Paul RowlandThe editor-in-chief of three daily newspapers and a regional news website says he faces a “huge problem” from the loss of public notice revenues – but rules out using an online paywall to counter it.

Paul Rowland, left, editor-in-chief of Media Wales and editor of Wales Online, told members of the Welsh Assembly that the decline in public advertising with regional press groups was “out of our control” and urged local authorities to “keep it with us.”

But asked whether he would consider putting Wales Online behind a paywall, he said most readers would not be “discerning enough” to choose that as opposed to getting their news for free from the BBC.

Paul was addressing the Assembly’s Culture, Welsh Language and Communications Committee during a discussion on News Journalism in Wales.

In his role, Paul oversees the print and online operations of Trinity Mirror’s South Wales portfolio – which includes the Western Mail, South Wales Echo and South Wales Evening Post as well as Wales Online.

Asked about the loss of revenue from public annoucements, he said:  “It’s something we’re working with local authorities on, on a consistent basis, to ensure there’s revenue there.

“It’s one of those things that if there is the will to support local media in Wales, public sector advertising is incredibly important and it is incredibly counterproductive to see that disappearing because in Wales, more than anywhere, that is the lifeblood of our newspapers and has been for many, many years.

“Councils in particular withdrawing from that is a huge problem for us and it’s out of our control.
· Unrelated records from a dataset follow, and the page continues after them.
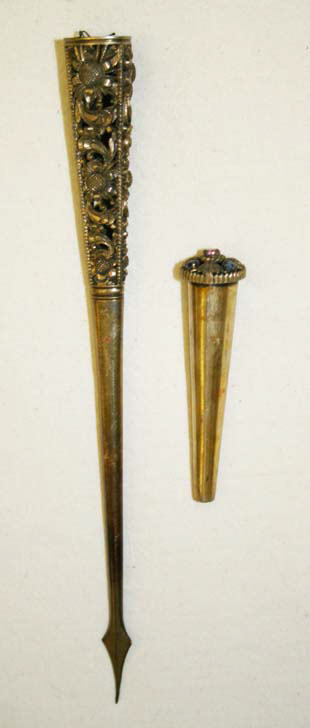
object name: hairpin
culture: sri lankan
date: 1801-1900
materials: silver

It’s not something we’re blind to by any means, but it’s for local authorities to decide what they want to do with that money and I would be extremely keen to encourage them to keep with us.”

Paul was also asked about what consideration had been given to putting Wales Online behind a paywall.

On this point, he said: “If you look at the Financial Times as an example of a paywall, that’s able to successfully operate a paywall because it has as a product which is so distinct among a market which has disposable income to spend on the product that it provides.

“That means that if you don’t subscribe to the Financial Times you are unable to access information that will probably be absolutely critical to your professional life.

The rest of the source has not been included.